Task prompt:
Each record below must be reproduced exactly as it reads, with its images omitted.

Information shown:
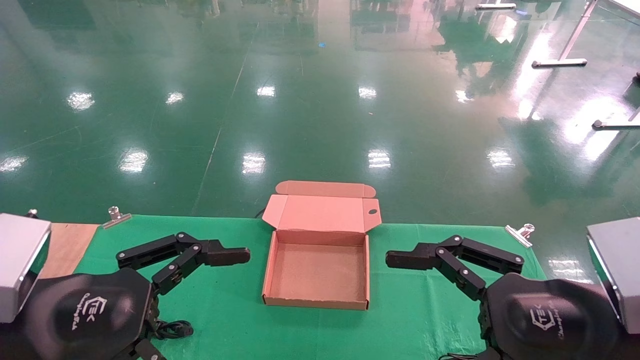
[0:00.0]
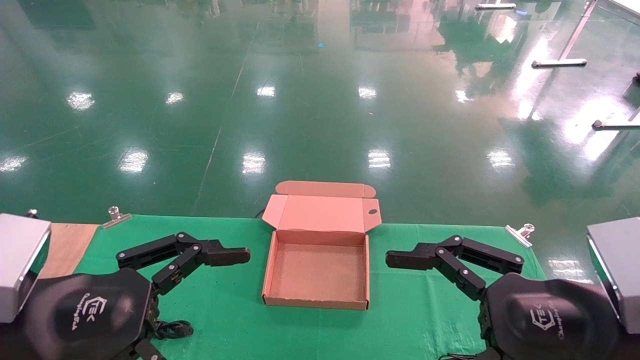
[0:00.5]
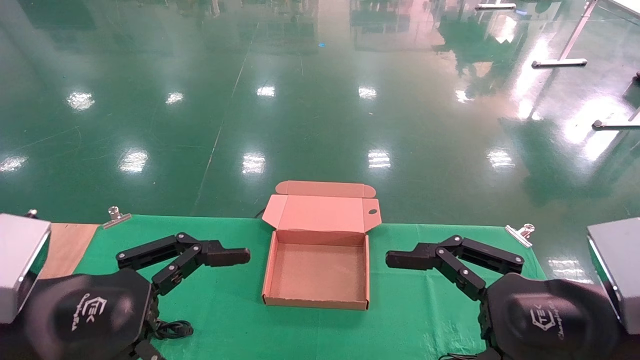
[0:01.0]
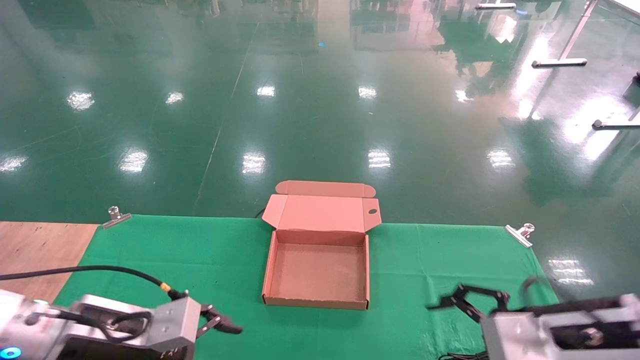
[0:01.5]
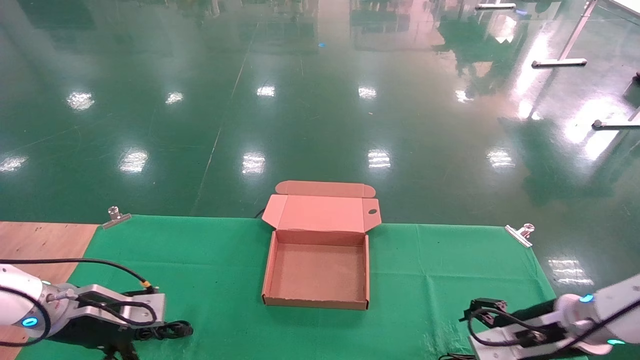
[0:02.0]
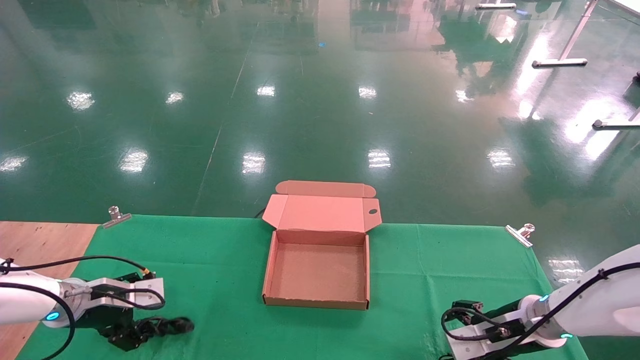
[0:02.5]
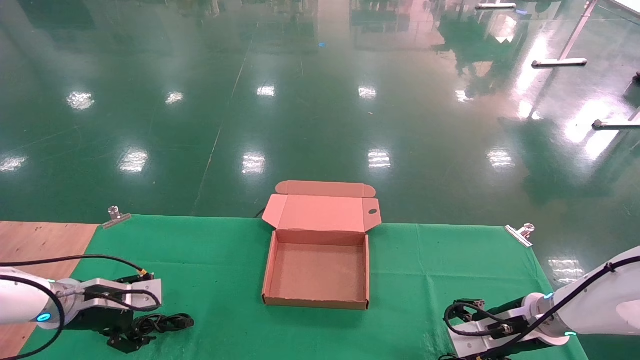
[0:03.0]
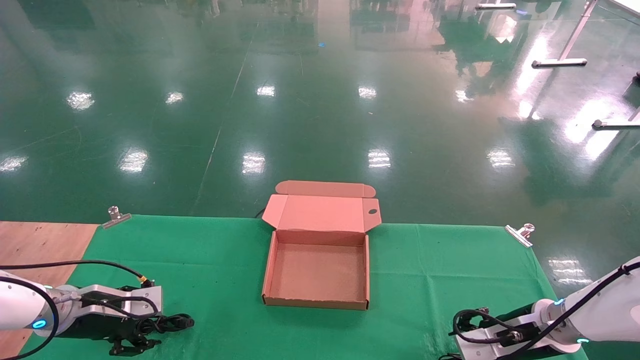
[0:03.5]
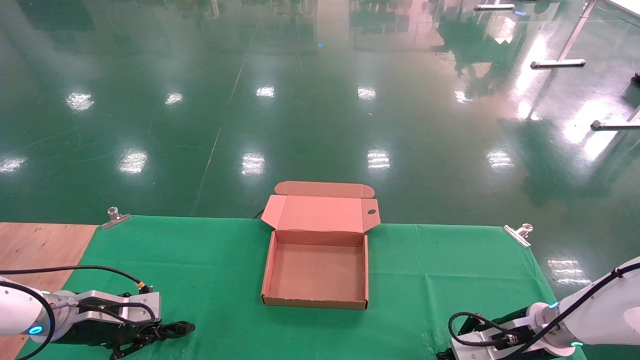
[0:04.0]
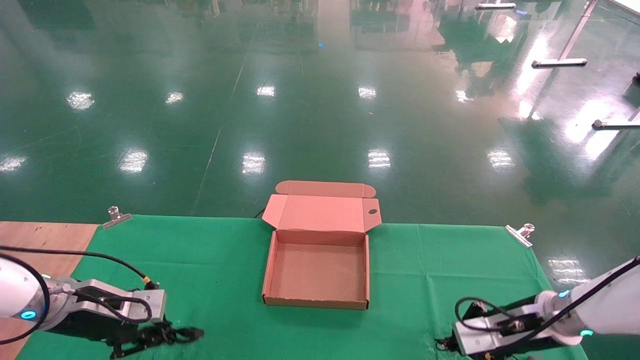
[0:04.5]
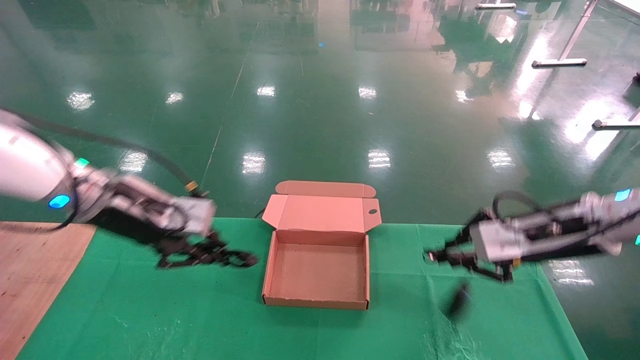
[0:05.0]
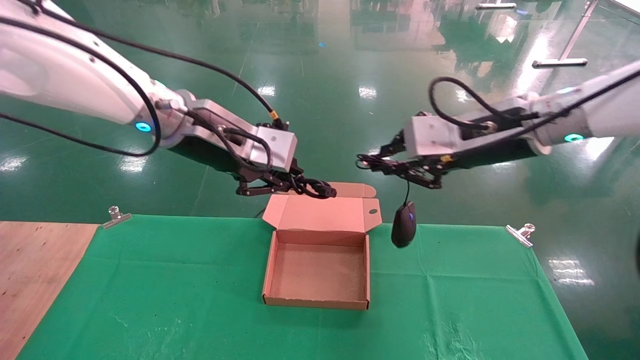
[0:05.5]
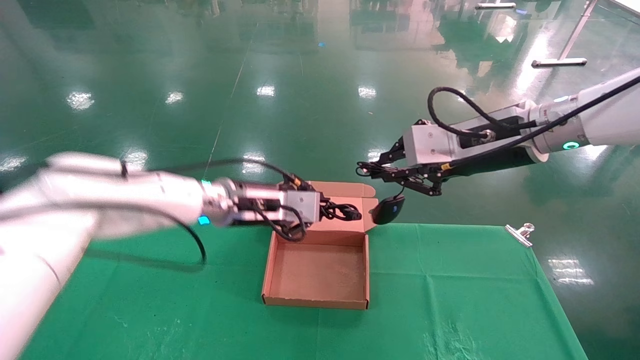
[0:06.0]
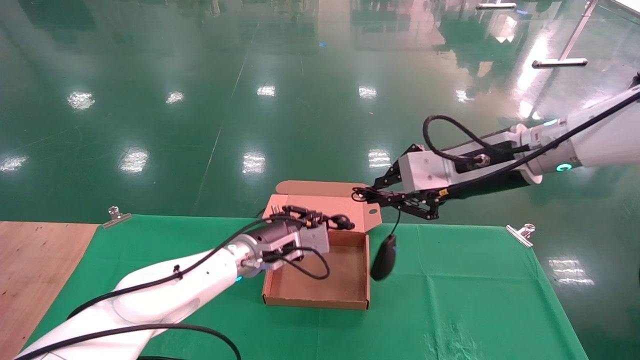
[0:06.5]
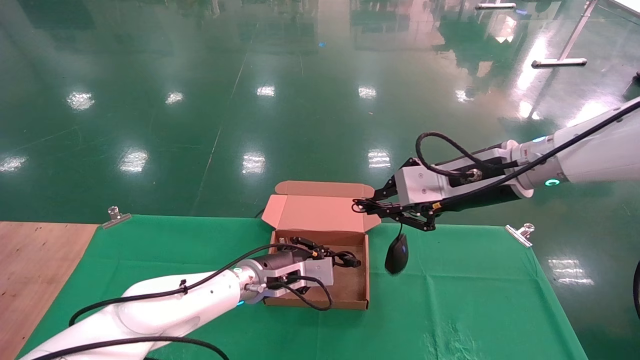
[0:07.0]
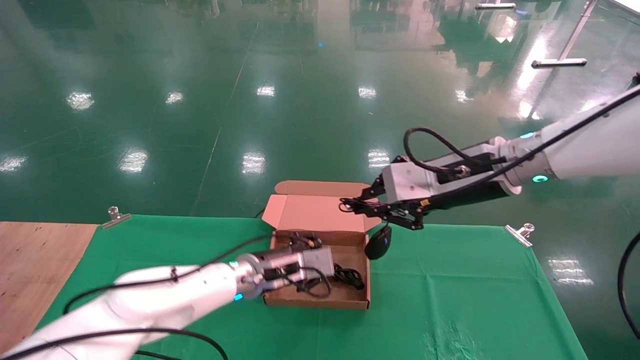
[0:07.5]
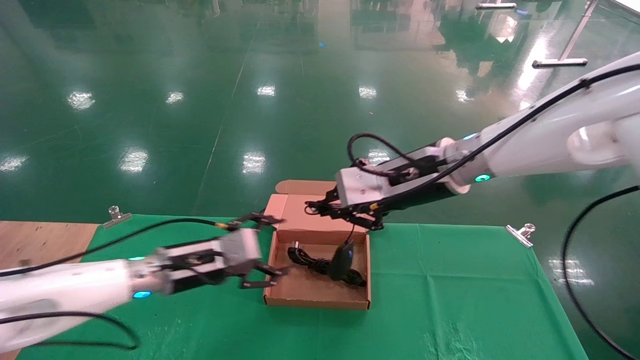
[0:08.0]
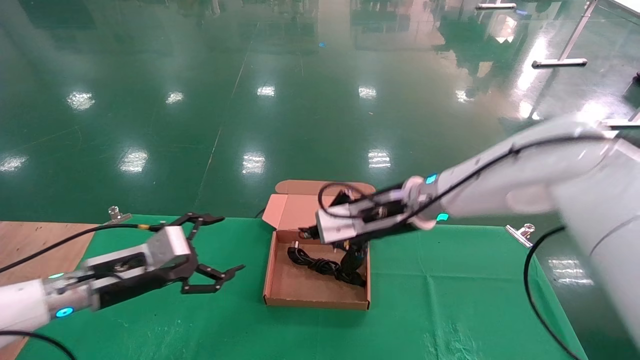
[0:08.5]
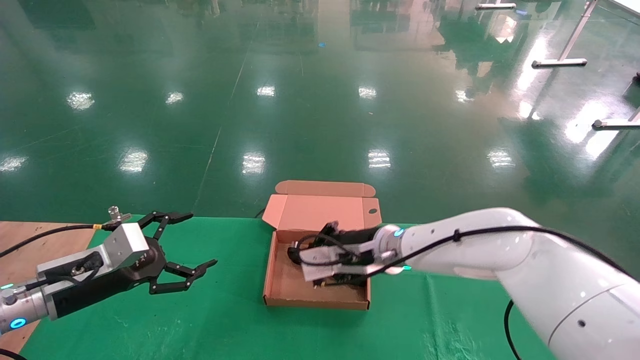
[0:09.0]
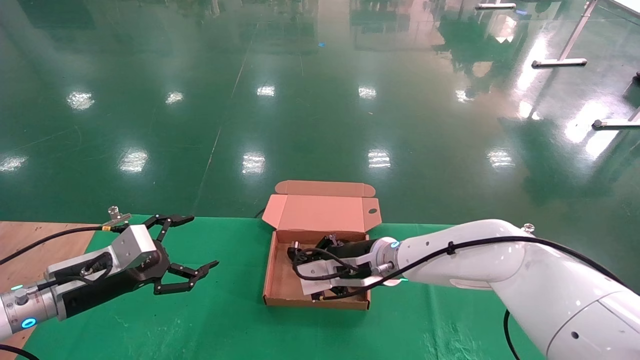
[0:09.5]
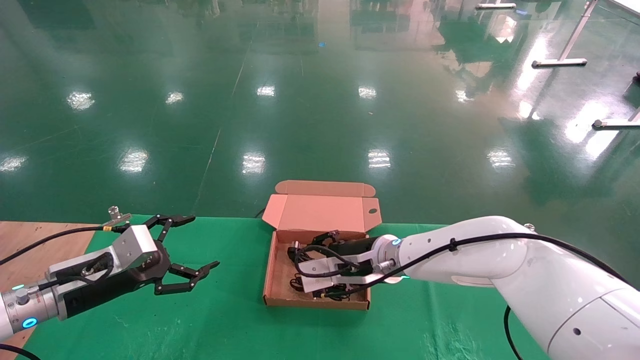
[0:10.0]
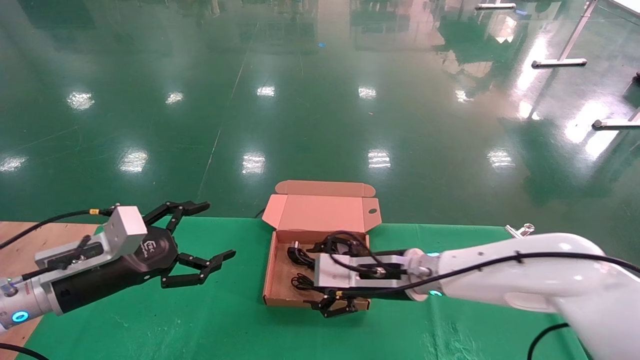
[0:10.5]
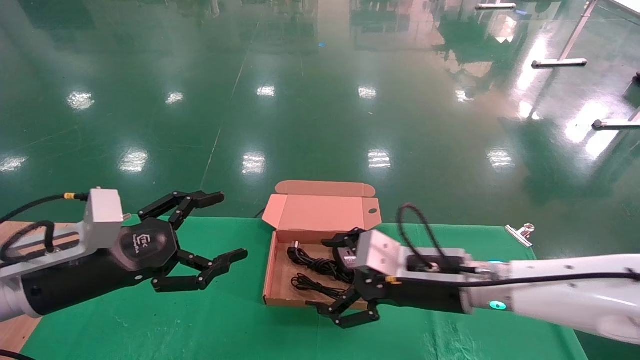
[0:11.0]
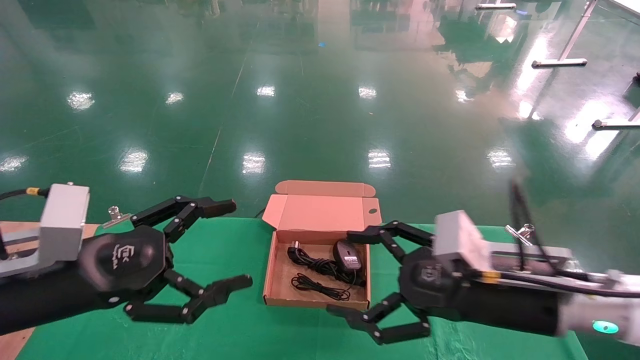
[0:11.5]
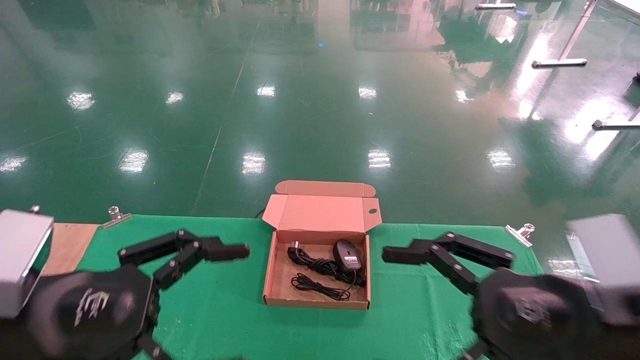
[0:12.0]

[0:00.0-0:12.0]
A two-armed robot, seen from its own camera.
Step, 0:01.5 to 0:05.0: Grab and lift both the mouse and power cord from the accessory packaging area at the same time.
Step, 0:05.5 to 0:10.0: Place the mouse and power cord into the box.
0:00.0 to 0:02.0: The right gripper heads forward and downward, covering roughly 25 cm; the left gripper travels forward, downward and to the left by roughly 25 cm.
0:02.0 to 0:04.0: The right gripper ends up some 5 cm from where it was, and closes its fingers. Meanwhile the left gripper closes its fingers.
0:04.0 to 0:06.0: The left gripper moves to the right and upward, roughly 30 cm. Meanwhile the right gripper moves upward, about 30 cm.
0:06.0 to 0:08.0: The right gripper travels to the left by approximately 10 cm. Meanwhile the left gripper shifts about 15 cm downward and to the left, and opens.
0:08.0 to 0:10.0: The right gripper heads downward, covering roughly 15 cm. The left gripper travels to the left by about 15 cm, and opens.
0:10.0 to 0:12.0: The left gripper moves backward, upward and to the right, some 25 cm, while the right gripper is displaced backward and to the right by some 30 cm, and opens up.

Result of the task:
[0:00.0]
[0:00.5]
[0:01.0]
[0:01.5]
[0:02.0]
[0:02.5]
[0:03.0]
[0:03.5]
[0:04.0]
[0:04.5]
[0:05.0]
[0:05.5]
[0:06.0]
[0:06.5]
[0:07.0]
[0:07.5]
[0:08.0]
[0:08.5]
[0:09.0]
[0:09.5]
[0:10.0]
[0:10.5]
[0:11.0]
[0:11.5]
[0:12.0]

[0:00.0-0:12.0]
A two-armed robot, seen from its own camera.
Step, 0:01.5 to 0:05.0: Grab and lift both the mouse and power cord from the accessory packaging area at the same time.
Step, 0:05.5 to 0:10.0: Place the mouse and power cord into the box.
0:00.0 to 0:02.0: The right gripper heads forward and downward, covering roughly 25 cm; the left gripper travels forward, downward and to the left by roughly 25 cm.
0:02.0 to 0:04.0: The right gripper ends up some 5 cm from where it was, and closes its fingers. Meanwhile the left gripper closes its fingers.
0:04.0 to 0:06.0: The left gripper moves to the right and upward, roughly 30 cm. Meanwhile the right gripper moves upward, about 30 cm.
0:06.0 to 0:08.0: The right gripper travels to the left by approximately 10 cm. Meanwhile the left gripper shifts about 15 cm downward and to the left, and opens.
0:08.0 to 0:10.0: The right gripper heads downward, covering roughly 15 cm. The left gripper travels to the left by about 15 cm, and opens.
0:10.0 to 0:12.0: The left gripper moves backward, upward and to the right, some 25 cm, while the right gripper is displaced backward and to the right by some 30 cm, and opens up.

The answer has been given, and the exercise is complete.